A Ilíada relata a guerra de dez anos pela conquista da cidade de Tróia, guerra esta supostamente suscitada – conforme o mito – pelo rapto de Helena, tida como a mulher mais bela do mundo em sua época. Obviamente que se trata de uma narrativa repleta de fatos mitológicos, e não todos reais. A Odisséia conta as peripécias e desventuras do rei Odisseu – Ulisses em latim – após a Guerra de Tróia. Ele pena dez anos, por mares e terras, antes de finalmente chegar à sua terra natal, Ítaca. Suas aventuras e padecimentos incluem: os lotófagos (comedores de lótus); o ciclope Polifemo; a prisão na ilha da deusa-feiticeira Circe, que transformava homens em porcos; uma descida ao Hades, as terras infernais para onde desciam as sombras dos mortos, antes de irem ao Tártaro, aos Campos Elísios ou por lá mesmo perdurarem – uma definição diferente da mitologia cristã, onde o Inferno é um lugar de tormento eterno aonde serão lançados e subjugados os “iníquos” –; sereias e monstros praticamente inexoráveis como Cila e Caríbdis; além de uma temporada coagida em Ogígia, a ilha da deusa Calipso, que o cobiçava para esposo. Após vencer e passar por tantas atribulações incomensuráveis e tarefas aparentemente inexeqüíveis, Odisseu consegue voltar à sua pátria. E ainda terá de reconquistar seu reino e derrotar uma horda de pretendentes à mão de sua esposa, Penélope, que não só a almejam, porém também dissipam insidiosamente seus bens, desde que não se teve mais notícias dele, muitos o declarando como morto. Simplificando, pode-se afirmar que o itinerário calejado de Odisseu simboliza a própria trajetória humana, e que a força motriz da historia é a busca de um homem pela retomada de uma vida plena e da honra.

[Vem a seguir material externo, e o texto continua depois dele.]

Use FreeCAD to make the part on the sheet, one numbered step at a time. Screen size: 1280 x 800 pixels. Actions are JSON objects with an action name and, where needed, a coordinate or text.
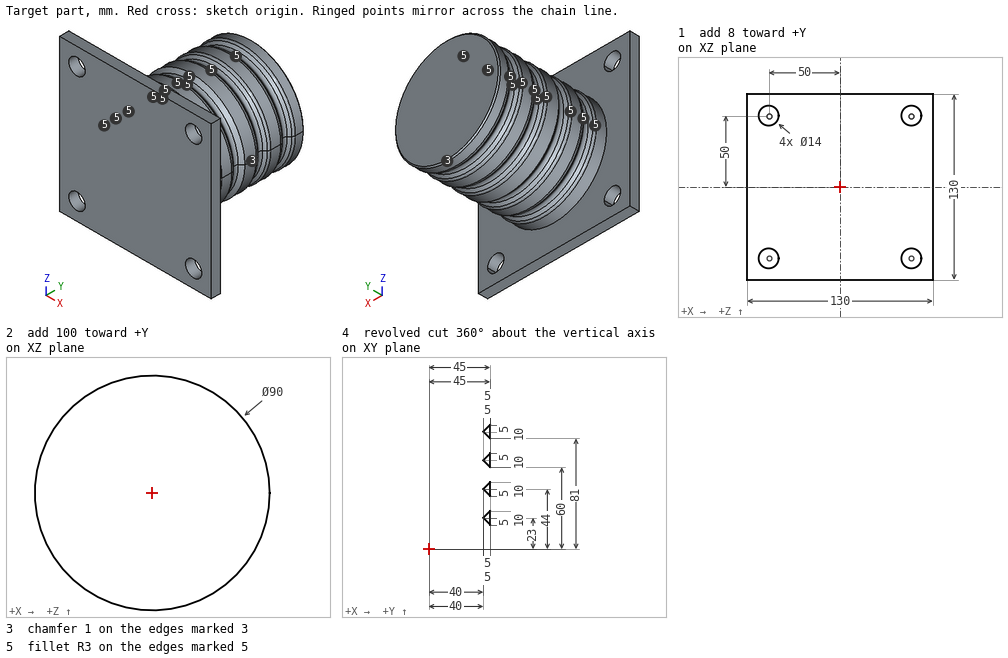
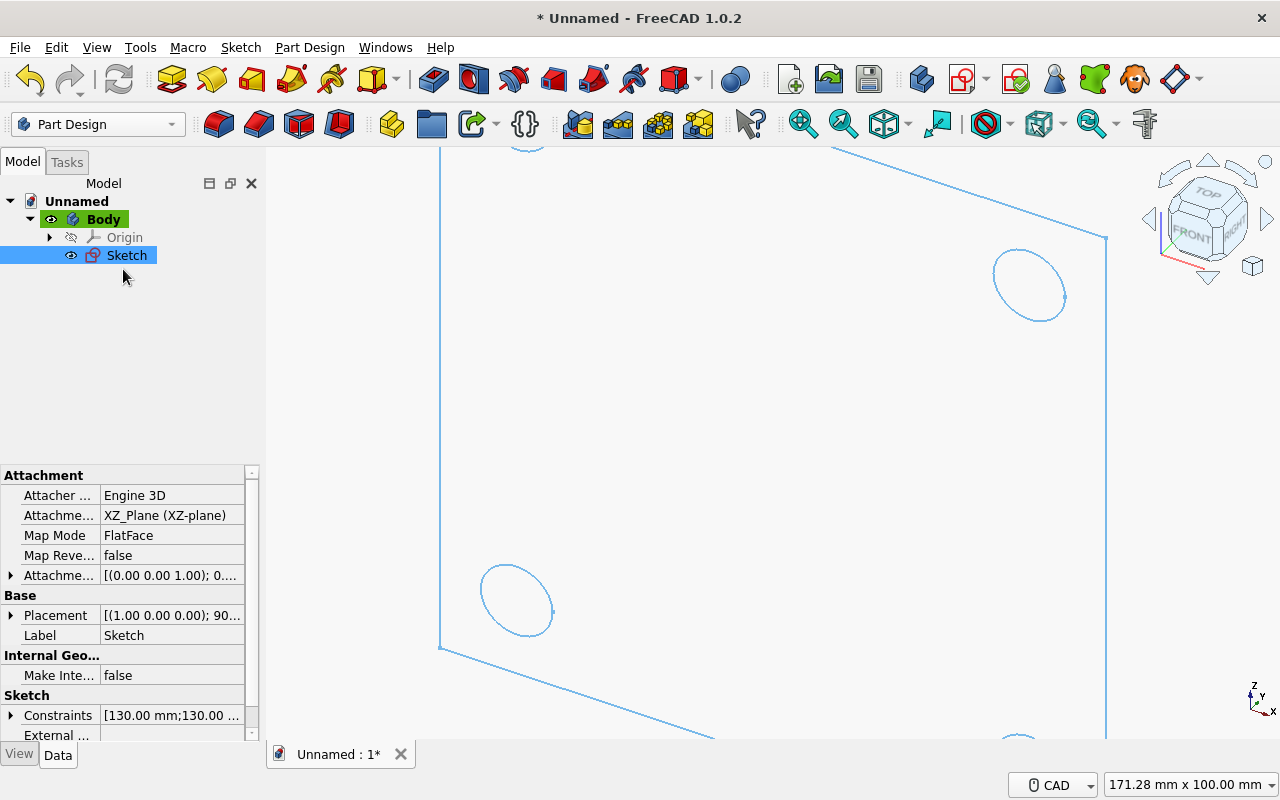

A trama da Odisséia é provavelmente conhecida por quase todos, pelo menos em partes. Todos nós já ouvimos falar ou lemos sobre ela, seja na escola, na TV, em livros e revistas, cinema e HQ. Está praticamente no inconsciente coletivo. É da Ilíada e da Odisséia que brotaram arquétipos do herói tão difundidos e, pode-se declarar, venerados, nas páginas da História, na arte, no inconsciente coletivo, em suma – ele de novo. Aquiles é a força bruta, aliada à resistência, que fere e derrota muitos combatentes. Odisseu é a sagacidade, o espírito astuto e capcioso, que dribla a força bruta; além de, várias vezes, submetê-la a seus desígnios. São os dois protótipos de heróis mais idealizados e representados na arte de maneira abrangente, principalmente em livros e esculturas; e mais recentemente – além de largamente –, tendo em mente as artes “jovens”, no cinema, nas HQs e na teledramaturgia (seriados, novelas, etc). É bom salientar que Odisseu não é um herói franzino, parco de dotes físicos; ele possui força muscular e maneja armamentos como ninguém, mas é a solércia sua maior e mais eficaz arma.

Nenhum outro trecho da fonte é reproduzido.